In May's monthly newsletter I said that I would look at the changes in the 80-20 Investor Best of the Best fund selection in more detail.
This month has seen a big change in the funds making the grade and being including in our Best of the Best selection.
Of the 26 funds that were in April's Best of the Best list 8 remain in May's selection. These are:
- 7IM - Unconstrained
- Aviva Inv - High Yield Bond
- Baring - Eastern Trust
- First State - Global Property Securities
- GLG - Continental Europe
- Jupiter - European
- M&G - Japan
- Threadneedle - China Opportunities
This is a lower proportion then the previous month and marks a turning point in a number of macro investment themes. This becomes even clearer when you look at the sectors (types of funds) that are included this month.
The table below shows the list of different sectors that were included in 80-20 Investor's Best of the Best selection for the month of April & May.
April's sectors | May's sectors |
Asia Pacific Excluding Japan | Asia Pacific Excluding Japan |
China/Greater China | China/Greater China |
Europe Excluding UK | Europe Excluding UK |
Global | Global Emerging Markets |
Japan | Japan |
Mixed Investment 0%-35% Shares | Mixed Investment 0%-35% Shares |
Mixed Investment 20%-60% Shares | Mixed Investment 20%-60% Shares |
North America | Property |
Property | Sterling High Yield |
Sterling High Yield | Sterling Strategic Bond |
Targeted Absolute Return | Targeted Absolute Return |
UK All Companies |
One of the big trends to notice is that North American equities and Global funds have been ditched. American shares had an amazing 2014 and were key drivers in the outperformance of the 80-20 Investor selection at the end of 2014 and into early 2015 (see chart below).
Yet now the strong dollar, which was seen as a positive to start with, is now hitting company profits. Big US multi-national companies with significant revenues abroad are seeing those profits hit by the exchange rate when they repatriate them. The upshot is that US equities had a difficult April. Global funds are almost always heavily skewed to the US (which is a bit of a bugbear of mine) so as US equities have slipped out of the Best of the Best selection so inevitably have the Global funds. That is not to say that US funds are awful, just that better opportunities have arisen in the medium risk area of the portfolio.
Yet in the high risk section emerging market funds have crept in and that is almost solely because of the huge rally in Chinese equities. Read my article Chinese equity funds – bubble or buy? for more on the subject. This has also happened because Japan funds have been re-rated from high risk to medium. Why has this happened? Well largely because the volatility (the big swings up and down) in Japanese equities has fallen in recent months.
Interestingly a UK fund has crept into the Best of the Best selection which perhaps is not surprising given the good run UK shares have had recently. Whether this can be maintained after the General Election will be interesting to see.

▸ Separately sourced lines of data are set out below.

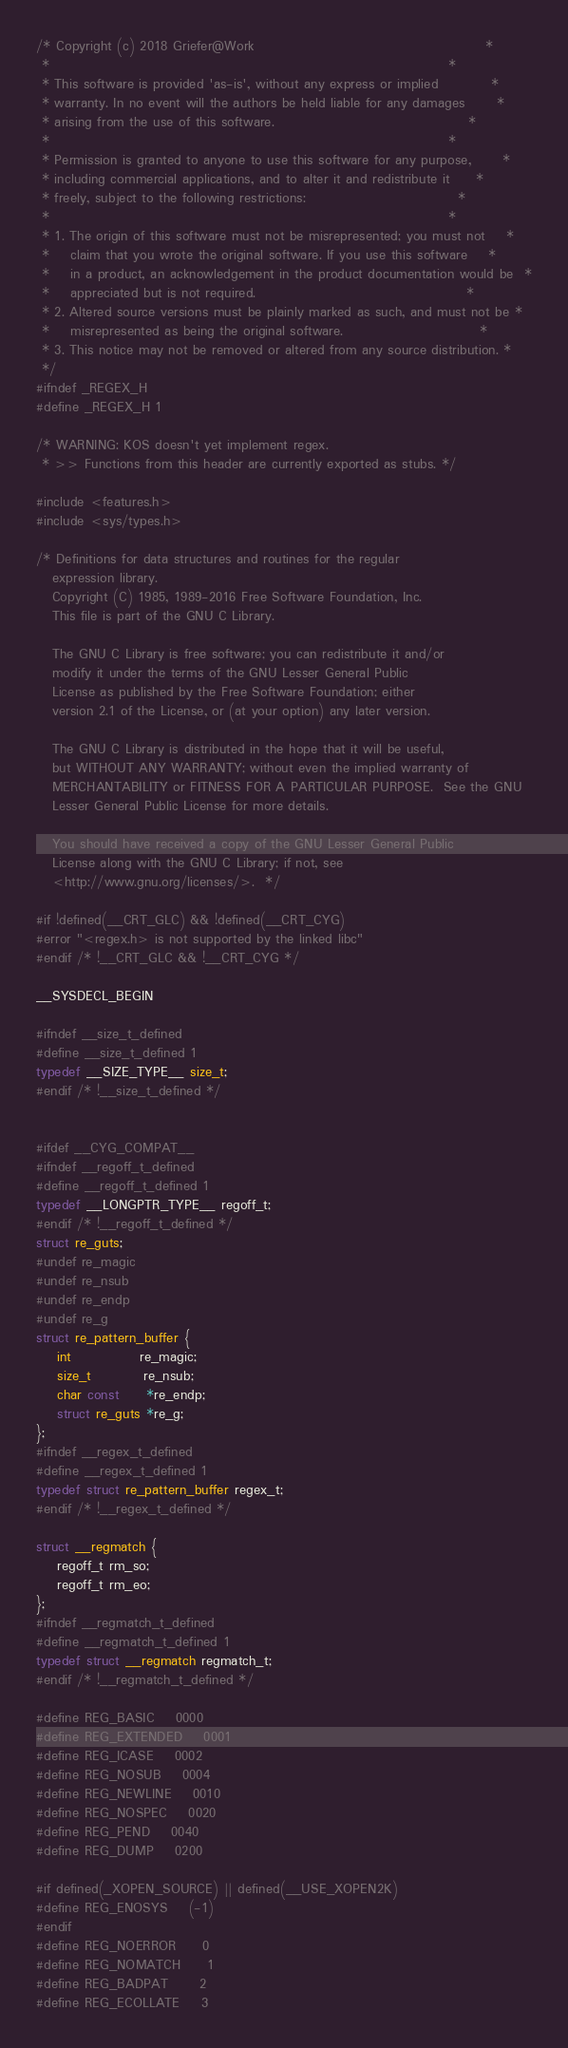<code> <loc_0><loc_0><loc_500><loc_500><_C_>/* Copyright (c) 2018 Griefer@Work                                            *
 *                                                                            *
 * This software is provided 'as-is', without any express or implied          *
 * warranty. In no event will the authors be held liable for any damages      *
 * arising from the use of this software.                                     *
 *                                                                            *
 * Permission is granted to anyone to use this software for any purpose,      *
 * including commercial applications, and to alter it and redistribute it     *
 * freely, subject to the following restrictions:                             *
 *                                                                            *
 * 1. The origin of this software must not be misrepresented; you must not    *
 *    claim that you wrote the original software. If you use this software    *
 *    in a product, an acknowledgement in the product documentation would be  *
 *    appreciated but is not required.                                        *
 * 2. Altered source versions must be plainly marked as such, and must not be *
 *    misrepresented as being the original software.                          *
 * 3. This notice may not be removed or altered from any source distribution. *
 */
#ifndef _REGEX_H
#define _REGEX_H 1

/* WARNING: KOS doesn't yet implement regex.
 * >> Functions from this header are currently exported as stubs. */

#include <features.h>
#include <sys/types.h>

/* Definitions for data structures and routines for the regular
   expression library.
   Copyright (C) 1985, 1989-2016 Free Software Foundation, Inc.
   This file is part of the GNU C Library.

   The GNU C Library is free software; you can redistribute it and/or
   modify it under the terms of the GNU Lesser General Public
   License as published by the Free Software Foundation; either
   version 2.1 of the License, or (at your option) any later version.

   The GNU C Library is distributed in the hope that it will be useful,
   but WITHOUT ANY WARRANTY; without even the implied warranty of
   MERCHANTABILITY or FITNESS FOR A PARTICULAR PURPOSE.  See the GNU
   Lesser General Public License for more details.

   You should have received a copy of the GNU Lesser General Public
   License along with the GNU C Library; if not, see
   <http://www.gnu.org/licenses/>.  */

#if !defined(__CRT_GLC) && !defined(__CRT_CYG)
#error "<regex.h> is not supported by the linked libc"
#endif /* !__CRT_GLC && !__CRT_CYG */

__SYSDECL_BEGIN

#ifndef __size_t_defined
#define __size_t_defined 1
typedef __SIZE_TYPE__ size_t;
#endif /* !__size_t_defined */


#ifdef __CYG_COMPAT__
#ifndef __regoff_t_defined
#define __regoff_t_defined 1
typedef __LONGPTR_TYPE__ regoff_t;
#endif /* !__regoff_t_defined */
struct re_guts;
#undef re_magic
#undef re_nsub
#undef re_endp
#undef re_g
struct re_pattern_buffer {
    int             re_magic;
    size_t          re_nsub;
    char const     *re_endp;
    struct re_guts *re_g;
};
#ifndef __regex_t_defined
#define __regex_t_defined 1
typedef struct re_pattern_buffer regex_t;
#endif /* !__regex_t_defined */

struct __regmatch {
    regoff_t rm_so;
    regoff_t rm_eo;
};
#ifndef __regmatch_t_defined
#define __regmatch_t_defined 1
typedef struct __regmatch regmatch_t;
#endif /* !__regmatch_t_defined */

#define REG_BASIC    0000
#define REG_EXTENDED    0001
#define REG_ICASE    0002
#define REG_NOSUB    0004
#define REG_NEWLINE    0010
#define REG_NOSPEC    0020
#define REG_PEND    0040
#define REG_DUMP    0200

#if defined(_XOPEN_SOURCE) || defined(__USE_XOPEN2K)
#define REG_ENOSYS    (-1)
#endif
#define REG_NOERROR     0
#define REG_NOMATCH     1
#define REG_BADPAT      2
#define REG_ECOLLATE    3</code>

If you analyse all the holdings (both bonds and equities) within the Best of the Best selection the geographical split is roughly
- Europe ex UK - 21%
- Pacific Basin (including China) - 16%
- UK - 15%
- Japan - 14%
With the rest split across other geographical regions. It's a bold mix but successful investing is not about making comfortable decisions.
80-20 Investor Best of the Best fund performance - since inception August 2014
To make the comparison I have assumed that an investor bought all of the 80-20 Best of the Best funds in equal measure and switched them every month. The chart shows the level of outperformance since we began tracking the 80-20 Investor Best of the Best selection back in August 2014. The 80-20 selection is up 13.85% (green line) versus 9.57% for the average managed fund (black line) and 7.62% for the FTSE 100 (red line).
That is a huge outperformance in just 9 months.
However, some may claim that the average managed fund may not invest in the same assets as the 80-20 fund selection and that the comparison might be unfair. So below I have replicated the chart above and this time added in another benchmark, the blue line. This is the return you would have got just simply by following the asset allocation of the 80-20 Investor selection (i.e buying the same proportion of Japan funds, US funds etc). It uses the returns from the average fund in each of the relevant sectors. What it shows is that it outperforms the average managed fund. Yet more importantly it shows the power and importance of picking the right funds within each sector, demonstrated by how much the 80-20 portfolio line is above this benchmark. So the 80-20 Investor algorithm helps ensure you are in the right sectors and the right funds!
Long may this outperformance continue!